### ABOUT THIS EXERCISE
Using the data that follows, return exactly the lines from the one that contains "line L72 (-60.0032, 20.0747)" through the one that contains "circle A20 centre", ends included.

### DATA FOR ANALYSIS
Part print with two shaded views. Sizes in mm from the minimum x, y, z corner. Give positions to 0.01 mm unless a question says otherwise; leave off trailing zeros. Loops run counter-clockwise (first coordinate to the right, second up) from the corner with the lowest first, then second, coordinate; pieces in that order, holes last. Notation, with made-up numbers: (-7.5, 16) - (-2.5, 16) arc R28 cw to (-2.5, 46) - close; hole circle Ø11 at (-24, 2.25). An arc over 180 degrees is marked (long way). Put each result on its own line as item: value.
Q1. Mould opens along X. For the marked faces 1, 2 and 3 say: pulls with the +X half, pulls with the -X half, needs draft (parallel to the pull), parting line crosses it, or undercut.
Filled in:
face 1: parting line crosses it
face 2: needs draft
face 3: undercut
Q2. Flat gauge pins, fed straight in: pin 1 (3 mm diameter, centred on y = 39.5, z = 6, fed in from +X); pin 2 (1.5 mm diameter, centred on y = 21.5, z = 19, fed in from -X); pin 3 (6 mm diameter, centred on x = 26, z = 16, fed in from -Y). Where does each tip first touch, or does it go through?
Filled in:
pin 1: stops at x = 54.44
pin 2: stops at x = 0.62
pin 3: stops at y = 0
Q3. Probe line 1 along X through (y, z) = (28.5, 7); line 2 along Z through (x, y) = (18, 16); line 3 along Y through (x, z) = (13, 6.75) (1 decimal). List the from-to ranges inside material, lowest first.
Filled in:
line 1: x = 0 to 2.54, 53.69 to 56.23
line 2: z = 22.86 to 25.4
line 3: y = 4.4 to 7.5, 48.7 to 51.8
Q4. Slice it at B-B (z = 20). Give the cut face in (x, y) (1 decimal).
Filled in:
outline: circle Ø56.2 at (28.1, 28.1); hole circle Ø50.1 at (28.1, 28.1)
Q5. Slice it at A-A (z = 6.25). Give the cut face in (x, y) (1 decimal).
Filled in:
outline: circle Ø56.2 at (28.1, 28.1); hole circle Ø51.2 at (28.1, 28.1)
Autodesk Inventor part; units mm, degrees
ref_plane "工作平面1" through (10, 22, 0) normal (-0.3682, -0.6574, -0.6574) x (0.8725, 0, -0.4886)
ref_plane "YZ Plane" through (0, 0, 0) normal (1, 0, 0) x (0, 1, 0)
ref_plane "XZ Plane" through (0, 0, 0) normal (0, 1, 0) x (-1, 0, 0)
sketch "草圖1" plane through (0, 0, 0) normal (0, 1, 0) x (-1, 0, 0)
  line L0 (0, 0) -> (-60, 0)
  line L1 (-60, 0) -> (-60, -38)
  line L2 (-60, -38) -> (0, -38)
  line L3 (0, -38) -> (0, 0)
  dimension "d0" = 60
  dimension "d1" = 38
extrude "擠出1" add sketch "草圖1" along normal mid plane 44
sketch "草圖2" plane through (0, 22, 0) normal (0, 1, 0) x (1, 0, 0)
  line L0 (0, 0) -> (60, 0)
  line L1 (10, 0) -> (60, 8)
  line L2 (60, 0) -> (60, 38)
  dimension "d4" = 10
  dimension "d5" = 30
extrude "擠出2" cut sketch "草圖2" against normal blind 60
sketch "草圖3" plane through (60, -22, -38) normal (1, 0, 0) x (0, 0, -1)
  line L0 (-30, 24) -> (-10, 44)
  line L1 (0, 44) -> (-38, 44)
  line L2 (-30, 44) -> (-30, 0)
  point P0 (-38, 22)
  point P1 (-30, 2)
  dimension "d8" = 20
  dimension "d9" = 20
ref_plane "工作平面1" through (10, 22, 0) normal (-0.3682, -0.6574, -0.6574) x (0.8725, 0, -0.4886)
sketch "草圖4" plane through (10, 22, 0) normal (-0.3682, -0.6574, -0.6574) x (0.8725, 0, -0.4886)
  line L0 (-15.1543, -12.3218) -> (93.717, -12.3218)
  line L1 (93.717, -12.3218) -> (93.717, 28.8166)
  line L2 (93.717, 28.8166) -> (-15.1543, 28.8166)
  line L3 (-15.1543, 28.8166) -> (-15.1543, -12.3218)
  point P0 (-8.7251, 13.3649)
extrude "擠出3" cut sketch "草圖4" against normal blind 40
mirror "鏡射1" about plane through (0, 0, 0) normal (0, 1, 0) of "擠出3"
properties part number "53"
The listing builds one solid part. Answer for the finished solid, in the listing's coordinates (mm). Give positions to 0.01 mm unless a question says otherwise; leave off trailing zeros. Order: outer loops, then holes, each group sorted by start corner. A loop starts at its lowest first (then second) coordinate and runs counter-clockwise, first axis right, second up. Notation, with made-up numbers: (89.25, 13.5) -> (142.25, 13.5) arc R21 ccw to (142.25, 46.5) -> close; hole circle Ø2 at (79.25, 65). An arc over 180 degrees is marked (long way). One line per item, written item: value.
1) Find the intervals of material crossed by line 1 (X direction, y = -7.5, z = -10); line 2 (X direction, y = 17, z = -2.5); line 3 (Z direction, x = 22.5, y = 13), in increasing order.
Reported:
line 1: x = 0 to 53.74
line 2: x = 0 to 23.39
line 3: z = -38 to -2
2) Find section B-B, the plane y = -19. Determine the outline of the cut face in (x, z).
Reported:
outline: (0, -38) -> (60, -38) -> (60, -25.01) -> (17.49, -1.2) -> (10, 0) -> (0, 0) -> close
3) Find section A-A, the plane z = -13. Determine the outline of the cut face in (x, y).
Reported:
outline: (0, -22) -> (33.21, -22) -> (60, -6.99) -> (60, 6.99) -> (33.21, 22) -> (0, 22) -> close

==

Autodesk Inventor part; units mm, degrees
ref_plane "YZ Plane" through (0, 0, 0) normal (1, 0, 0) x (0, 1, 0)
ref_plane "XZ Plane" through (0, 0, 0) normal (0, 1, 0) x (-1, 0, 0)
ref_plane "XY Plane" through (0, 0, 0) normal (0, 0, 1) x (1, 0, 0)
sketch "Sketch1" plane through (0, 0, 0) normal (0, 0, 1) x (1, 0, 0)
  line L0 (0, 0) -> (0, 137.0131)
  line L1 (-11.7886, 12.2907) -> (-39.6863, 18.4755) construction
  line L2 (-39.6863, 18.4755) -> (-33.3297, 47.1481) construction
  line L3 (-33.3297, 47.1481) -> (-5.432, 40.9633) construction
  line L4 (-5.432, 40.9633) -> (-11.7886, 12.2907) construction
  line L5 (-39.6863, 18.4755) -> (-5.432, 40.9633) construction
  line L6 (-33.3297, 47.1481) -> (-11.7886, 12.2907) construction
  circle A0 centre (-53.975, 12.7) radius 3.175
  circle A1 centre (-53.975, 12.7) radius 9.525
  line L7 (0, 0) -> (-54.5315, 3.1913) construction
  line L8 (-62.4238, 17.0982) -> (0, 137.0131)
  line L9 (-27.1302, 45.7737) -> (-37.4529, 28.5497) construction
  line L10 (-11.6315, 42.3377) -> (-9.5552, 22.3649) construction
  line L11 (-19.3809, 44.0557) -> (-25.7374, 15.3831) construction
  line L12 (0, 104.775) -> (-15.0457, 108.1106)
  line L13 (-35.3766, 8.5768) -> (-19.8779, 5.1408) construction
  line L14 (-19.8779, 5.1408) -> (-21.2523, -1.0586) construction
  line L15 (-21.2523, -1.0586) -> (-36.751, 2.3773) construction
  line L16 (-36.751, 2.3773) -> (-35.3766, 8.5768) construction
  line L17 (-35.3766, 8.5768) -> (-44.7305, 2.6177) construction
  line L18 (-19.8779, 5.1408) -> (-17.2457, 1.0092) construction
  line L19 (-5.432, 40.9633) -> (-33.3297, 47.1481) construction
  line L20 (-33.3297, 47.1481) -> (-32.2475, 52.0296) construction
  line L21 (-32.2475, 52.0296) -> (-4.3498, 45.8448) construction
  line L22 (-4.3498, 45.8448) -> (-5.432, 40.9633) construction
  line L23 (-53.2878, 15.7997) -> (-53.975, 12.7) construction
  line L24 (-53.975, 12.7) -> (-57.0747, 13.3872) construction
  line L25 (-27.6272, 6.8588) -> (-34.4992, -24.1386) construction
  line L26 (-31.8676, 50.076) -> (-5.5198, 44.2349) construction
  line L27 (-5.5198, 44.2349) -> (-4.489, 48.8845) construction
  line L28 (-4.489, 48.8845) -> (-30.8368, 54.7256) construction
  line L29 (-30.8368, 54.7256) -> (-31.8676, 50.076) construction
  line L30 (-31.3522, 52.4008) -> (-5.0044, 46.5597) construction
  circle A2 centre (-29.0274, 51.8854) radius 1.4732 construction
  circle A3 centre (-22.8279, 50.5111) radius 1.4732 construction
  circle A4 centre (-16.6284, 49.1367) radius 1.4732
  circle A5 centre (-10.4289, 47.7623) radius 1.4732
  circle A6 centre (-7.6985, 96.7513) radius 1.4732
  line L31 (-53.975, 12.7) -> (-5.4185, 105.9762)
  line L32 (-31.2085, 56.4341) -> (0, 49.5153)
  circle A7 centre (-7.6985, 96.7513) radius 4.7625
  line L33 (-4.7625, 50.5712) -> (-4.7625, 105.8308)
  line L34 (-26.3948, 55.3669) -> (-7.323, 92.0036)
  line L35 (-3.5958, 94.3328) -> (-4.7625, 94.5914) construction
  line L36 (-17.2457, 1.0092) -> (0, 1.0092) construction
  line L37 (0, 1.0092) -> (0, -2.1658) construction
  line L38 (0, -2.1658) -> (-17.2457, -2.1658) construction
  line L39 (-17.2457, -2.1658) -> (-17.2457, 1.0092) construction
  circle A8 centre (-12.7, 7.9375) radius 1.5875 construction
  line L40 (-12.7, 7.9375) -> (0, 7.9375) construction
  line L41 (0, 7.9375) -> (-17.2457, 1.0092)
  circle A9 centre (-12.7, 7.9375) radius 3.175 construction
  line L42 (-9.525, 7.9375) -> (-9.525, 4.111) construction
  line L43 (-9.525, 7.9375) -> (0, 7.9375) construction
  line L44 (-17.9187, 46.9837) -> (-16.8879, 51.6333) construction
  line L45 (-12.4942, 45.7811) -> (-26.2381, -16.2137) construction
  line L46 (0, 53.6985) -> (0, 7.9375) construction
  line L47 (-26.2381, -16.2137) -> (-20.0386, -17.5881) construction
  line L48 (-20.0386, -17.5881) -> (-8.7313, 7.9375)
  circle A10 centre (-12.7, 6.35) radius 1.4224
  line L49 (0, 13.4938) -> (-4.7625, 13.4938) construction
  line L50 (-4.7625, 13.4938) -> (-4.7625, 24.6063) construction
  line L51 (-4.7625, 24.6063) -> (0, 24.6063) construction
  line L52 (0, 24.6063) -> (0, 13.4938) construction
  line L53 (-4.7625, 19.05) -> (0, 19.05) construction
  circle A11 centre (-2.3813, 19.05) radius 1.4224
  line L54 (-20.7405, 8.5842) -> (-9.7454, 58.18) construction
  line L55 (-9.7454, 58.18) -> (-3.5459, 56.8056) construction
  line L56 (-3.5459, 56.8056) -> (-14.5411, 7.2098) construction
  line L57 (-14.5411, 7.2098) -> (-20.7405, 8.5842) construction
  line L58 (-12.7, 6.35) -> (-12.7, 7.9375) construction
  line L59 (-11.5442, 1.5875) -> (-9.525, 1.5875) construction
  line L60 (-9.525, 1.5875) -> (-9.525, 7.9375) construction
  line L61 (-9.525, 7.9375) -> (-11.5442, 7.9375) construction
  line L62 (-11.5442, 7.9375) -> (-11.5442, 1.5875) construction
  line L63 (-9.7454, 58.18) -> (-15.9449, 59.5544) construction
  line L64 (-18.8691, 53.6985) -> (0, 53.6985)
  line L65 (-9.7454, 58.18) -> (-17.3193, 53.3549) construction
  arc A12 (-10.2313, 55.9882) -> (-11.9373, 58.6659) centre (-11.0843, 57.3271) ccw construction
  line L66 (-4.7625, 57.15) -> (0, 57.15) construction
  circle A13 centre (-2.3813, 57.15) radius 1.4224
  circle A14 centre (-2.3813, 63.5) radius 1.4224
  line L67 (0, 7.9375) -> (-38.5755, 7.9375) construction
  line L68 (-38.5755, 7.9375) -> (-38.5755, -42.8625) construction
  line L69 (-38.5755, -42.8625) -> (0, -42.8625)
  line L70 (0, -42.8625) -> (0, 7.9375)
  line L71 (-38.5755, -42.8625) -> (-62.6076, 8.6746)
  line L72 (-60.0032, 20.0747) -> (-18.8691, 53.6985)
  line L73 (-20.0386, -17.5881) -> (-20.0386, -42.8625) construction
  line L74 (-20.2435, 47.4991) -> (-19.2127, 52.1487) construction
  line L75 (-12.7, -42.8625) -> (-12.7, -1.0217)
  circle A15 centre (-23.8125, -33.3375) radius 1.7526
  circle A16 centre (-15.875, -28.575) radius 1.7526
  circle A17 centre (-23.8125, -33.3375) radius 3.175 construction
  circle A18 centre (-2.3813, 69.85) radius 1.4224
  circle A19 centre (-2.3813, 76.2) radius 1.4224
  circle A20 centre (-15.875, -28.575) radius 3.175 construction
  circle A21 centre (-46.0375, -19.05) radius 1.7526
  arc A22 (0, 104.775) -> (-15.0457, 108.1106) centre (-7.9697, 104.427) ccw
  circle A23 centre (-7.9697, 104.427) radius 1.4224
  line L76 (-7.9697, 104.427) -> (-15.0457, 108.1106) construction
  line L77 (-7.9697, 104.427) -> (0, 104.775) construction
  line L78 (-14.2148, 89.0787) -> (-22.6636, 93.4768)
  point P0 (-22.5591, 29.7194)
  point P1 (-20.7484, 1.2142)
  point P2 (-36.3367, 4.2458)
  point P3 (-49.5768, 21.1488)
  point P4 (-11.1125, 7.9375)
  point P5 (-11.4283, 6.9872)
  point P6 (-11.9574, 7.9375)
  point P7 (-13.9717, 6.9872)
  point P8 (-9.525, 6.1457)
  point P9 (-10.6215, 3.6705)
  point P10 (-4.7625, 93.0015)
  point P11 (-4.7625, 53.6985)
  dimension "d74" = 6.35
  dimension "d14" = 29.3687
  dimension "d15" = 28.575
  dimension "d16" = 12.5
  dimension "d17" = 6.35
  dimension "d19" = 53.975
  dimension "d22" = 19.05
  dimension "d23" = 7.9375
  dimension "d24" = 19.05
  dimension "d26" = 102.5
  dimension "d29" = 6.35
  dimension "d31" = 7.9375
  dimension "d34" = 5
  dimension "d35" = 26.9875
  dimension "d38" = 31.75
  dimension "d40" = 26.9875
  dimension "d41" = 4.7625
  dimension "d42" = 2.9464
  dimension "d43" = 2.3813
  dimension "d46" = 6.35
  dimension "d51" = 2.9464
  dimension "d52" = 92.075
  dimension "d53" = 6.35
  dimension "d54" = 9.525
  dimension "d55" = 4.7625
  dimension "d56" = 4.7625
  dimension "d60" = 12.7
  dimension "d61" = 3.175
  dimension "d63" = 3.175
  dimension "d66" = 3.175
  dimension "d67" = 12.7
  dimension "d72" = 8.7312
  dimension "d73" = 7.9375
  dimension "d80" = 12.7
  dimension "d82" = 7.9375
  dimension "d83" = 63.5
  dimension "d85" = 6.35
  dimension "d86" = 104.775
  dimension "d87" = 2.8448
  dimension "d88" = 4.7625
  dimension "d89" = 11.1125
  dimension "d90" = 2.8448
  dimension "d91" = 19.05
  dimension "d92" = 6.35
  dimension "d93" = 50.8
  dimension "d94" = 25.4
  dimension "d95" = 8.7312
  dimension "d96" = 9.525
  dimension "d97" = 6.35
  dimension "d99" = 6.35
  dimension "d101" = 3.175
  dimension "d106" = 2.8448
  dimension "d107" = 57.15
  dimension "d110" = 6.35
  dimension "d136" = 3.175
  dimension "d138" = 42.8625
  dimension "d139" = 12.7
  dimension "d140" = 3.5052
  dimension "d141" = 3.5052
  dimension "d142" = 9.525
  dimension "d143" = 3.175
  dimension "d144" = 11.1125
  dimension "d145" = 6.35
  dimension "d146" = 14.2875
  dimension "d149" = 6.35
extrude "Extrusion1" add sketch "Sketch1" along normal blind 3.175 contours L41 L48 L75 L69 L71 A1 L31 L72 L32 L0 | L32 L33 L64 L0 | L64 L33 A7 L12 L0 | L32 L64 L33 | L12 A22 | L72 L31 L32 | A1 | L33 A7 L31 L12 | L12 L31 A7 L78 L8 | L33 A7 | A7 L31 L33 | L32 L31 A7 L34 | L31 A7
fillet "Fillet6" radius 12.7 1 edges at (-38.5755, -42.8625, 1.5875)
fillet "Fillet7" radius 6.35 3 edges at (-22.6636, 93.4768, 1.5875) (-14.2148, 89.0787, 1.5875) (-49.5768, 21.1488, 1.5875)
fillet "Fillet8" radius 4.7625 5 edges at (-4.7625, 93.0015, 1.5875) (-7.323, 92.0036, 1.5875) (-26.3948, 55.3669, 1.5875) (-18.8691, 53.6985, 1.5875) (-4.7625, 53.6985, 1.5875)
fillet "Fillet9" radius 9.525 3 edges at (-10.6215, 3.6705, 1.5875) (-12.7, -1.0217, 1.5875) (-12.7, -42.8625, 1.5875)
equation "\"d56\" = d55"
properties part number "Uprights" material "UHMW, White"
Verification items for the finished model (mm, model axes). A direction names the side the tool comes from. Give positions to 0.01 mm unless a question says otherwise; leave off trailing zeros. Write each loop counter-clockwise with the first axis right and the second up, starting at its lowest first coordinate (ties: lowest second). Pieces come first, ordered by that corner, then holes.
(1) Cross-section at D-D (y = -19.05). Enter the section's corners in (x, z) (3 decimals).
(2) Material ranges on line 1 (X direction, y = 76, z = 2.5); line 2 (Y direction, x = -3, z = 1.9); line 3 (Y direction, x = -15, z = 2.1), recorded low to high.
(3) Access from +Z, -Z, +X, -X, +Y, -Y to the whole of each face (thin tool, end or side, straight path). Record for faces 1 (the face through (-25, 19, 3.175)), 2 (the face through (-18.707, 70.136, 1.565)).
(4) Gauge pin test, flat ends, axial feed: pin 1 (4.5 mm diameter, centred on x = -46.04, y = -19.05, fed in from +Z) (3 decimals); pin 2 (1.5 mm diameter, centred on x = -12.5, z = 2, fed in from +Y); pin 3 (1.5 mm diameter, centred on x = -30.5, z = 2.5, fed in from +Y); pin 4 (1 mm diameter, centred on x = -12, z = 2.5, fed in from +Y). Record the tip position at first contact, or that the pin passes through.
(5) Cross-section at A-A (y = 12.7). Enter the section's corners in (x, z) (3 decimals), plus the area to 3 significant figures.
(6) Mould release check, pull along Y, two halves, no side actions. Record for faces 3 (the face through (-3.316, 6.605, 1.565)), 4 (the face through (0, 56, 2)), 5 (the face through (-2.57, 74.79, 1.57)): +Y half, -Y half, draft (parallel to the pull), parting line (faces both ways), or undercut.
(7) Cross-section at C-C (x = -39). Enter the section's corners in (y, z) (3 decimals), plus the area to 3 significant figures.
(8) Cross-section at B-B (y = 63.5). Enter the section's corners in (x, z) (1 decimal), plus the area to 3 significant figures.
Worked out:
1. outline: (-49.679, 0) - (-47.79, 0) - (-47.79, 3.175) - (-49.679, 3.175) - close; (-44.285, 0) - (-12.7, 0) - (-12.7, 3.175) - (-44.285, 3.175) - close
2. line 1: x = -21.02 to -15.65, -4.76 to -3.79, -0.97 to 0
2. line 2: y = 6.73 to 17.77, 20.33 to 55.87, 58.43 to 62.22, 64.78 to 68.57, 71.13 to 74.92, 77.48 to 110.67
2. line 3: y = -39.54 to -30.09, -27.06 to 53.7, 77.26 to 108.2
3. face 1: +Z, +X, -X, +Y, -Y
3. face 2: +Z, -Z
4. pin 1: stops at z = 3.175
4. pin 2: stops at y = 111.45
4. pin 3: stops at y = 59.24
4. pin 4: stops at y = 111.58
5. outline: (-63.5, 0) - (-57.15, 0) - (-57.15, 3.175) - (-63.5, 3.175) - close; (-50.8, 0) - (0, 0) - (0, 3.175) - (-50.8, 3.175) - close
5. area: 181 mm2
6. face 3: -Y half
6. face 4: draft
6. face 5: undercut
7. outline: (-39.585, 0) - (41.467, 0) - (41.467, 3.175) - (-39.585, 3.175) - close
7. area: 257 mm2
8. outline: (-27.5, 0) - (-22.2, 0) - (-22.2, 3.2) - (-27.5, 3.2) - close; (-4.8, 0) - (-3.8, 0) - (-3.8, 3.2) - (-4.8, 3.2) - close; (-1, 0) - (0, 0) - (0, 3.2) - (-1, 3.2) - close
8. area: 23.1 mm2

### ANSWER SPACE
  line L72 (-60.0032, 20.0747) -> (-18.8691, 53.6985)
  line L73 (-20.0386, -17.5881) -> (-20.0386, -42.8625) construction
  line L74 (-20.2435, 47.4991) -> (-19.2127, 52.1487) construction
  line L75 (-12.7, -42.8625) -> (-12.7, -1.0217)
  circle A15 centre (-23.8125, -33.3375) radius 1.7526
  circle A16 centre (-15.875, -28.575) radius 1.7526
  circle A17 centre (-23.8125, -33.3375) radius 3.175 construction
  circle A18 centre (-2.3813, 69.85) radius 1.4224
  circle A19 centre (-2.3813, 76.2) radius 1.4224
  circle A20 centre (-15.875, -28.575) radius 3.175 construction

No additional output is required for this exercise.